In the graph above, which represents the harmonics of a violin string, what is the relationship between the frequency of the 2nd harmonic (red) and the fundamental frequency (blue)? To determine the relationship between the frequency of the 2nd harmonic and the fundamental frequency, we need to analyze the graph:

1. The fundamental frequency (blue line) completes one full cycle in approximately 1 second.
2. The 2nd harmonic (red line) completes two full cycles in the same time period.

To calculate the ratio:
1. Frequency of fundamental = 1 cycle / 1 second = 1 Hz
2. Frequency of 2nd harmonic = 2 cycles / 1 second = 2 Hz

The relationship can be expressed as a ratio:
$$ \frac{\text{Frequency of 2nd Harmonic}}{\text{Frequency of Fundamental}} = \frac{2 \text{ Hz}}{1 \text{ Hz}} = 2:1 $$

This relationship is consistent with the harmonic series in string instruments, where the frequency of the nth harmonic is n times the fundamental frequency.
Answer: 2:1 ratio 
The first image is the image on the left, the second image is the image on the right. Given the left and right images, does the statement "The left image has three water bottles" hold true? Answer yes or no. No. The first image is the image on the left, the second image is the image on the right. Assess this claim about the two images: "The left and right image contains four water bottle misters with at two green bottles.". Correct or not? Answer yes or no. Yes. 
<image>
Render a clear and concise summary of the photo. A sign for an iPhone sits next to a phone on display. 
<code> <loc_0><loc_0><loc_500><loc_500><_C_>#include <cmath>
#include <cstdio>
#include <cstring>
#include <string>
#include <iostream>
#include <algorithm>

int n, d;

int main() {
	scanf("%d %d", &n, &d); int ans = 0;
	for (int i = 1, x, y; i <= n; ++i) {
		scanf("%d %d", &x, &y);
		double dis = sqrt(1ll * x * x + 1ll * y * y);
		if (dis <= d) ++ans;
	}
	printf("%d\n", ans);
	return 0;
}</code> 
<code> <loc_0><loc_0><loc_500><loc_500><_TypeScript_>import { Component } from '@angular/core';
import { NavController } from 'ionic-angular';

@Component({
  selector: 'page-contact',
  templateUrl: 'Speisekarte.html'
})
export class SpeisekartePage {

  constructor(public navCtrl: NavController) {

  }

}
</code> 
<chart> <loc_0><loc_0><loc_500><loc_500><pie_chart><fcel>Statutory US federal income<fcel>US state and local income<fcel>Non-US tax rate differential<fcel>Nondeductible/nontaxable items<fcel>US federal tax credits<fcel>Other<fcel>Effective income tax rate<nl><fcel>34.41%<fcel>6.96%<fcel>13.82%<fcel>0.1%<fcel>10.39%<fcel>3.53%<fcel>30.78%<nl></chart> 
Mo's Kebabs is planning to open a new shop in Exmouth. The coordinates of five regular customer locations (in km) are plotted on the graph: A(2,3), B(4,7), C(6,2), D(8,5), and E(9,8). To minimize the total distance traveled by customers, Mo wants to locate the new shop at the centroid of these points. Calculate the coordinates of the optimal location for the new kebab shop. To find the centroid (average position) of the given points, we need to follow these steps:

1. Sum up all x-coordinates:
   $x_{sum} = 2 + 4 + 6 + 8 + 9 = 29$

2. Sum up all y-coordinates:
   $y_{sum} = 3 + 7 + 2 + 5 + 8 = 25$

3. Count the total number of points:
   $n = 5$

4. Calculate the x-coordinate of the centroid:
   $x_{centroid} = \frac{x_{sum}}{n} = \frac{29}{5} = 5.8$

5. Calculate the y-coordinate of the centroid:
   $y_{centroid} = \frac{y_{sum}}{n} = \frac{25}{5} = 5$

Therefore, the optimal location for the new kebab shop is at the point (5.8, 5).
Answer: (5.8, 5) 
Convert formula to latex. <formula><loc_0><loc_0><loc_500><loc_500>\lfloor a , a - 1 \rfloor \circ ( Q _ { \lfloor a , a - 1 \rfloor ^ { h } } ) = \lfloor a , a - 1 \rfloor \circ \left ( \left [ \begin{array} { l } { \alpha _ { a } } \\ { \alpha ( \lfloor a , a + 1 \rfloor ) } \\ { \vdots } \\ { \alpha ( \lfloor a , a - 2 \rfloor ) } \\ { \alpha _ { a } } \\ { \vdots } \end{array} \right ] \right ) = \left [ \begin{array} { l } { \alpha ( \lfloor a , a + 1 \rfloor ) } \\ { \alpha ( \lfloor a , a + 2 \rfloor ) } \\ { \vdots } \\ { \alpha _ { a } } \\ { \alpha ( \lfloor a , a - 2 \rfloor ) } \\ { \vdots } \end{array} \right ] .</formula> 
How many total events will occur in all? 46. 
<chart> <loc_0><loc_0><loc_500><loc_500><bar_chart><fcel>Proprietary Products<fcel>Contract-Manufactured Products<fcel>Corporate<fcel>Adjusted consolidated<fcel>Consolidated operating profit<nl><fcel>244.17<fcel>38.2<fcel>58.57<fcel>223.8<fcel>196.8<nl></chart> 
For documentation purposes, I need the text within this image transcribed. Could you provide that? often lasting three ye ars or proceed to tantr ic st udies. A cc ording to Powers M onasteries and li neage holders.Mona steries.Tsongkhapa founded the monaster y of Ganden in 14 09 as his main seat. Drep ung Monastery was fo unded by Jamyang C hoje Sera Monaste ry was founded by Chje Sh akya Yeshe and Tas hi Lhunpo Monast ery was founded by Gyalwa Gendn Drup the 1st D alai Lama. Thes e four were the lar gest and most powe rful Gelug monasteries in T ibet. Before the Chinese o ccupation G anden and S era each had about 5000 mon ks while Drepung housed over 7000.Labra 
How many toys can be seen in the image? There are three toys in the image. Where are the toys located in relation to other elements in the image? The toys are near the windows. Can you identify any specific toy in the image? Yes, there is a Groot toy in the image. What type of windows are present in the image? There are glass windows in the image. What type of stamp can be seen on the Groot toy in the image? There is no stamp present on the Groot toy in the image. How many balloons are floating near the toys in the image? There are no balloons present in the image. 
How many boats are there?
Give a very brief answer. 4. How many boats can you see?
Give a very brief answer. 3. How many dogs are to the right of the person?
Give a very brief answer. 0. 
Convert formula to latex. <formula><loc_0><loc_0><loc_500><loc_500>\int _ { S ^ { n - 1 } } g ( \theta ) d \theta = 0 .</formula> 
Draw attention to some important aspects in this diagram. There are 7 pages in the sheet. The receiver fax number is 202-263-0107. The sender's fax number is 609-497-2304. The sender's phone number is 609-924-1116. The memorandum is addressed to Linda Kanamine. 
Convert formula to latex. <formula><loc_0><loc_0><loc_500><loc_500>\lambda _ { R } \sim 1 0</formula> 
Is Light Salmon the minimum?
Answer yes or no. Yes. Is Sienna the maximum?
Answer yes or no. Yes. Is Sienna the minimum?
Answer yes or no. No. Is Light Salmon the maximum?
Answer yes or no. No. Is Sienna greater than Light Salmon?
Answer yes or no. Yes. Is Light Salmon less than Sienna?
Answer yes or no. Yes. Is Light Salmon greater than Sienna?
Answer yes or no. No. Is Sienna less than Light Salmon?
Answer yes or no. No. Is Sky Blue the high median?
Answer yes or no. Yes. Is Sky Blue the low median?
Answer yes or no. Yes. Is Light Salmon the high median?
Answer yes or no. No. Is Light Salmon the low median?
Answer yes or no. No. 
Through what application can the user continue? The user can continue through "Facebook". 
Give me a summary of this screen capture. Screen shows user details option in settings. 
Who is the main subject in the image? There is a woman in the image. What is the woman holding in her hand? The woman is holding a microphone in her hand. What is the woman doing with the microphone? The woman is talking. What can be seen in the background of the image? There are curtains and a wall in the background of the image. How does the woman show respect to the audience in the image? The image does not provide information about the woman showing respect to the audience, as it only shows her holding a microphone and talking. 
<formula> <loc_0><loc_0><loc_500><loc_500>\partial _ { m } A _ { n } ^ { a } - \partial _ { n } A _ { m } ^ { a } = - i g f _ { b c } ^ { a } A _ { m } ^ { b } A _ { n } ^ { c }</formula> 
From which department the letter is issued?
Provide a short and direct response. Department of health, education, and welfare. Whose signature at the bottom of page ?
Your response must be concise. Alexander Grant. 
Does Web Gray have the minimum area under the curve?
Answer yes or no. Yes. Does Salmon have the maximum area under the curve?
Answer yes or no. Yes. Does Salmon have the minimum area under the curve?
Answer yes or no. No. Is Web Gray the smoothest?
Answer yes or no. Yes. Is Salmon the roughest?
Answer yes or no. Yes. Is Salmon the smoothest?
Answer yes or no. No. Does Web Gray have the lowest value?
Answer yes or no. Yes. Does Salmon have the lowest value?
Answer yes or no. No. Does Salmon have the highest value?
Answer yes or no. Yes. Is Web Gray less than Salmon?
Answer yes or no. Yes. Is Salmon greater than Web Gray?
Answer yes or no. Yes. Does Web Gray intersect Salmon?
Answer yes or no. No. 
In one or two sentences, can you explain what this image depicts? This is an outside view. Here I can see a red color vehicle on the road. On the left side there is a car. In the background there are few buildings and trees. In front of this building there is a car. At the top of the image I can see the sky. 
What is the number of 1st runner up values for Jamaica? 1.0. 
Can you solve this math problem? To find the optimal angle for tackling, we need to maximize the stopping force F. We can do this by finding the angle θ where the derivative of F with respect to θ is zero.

..............................

Assigned task
From the data above, work out how many lines hold "angular". Answer with the number alone.

Solution for this task
2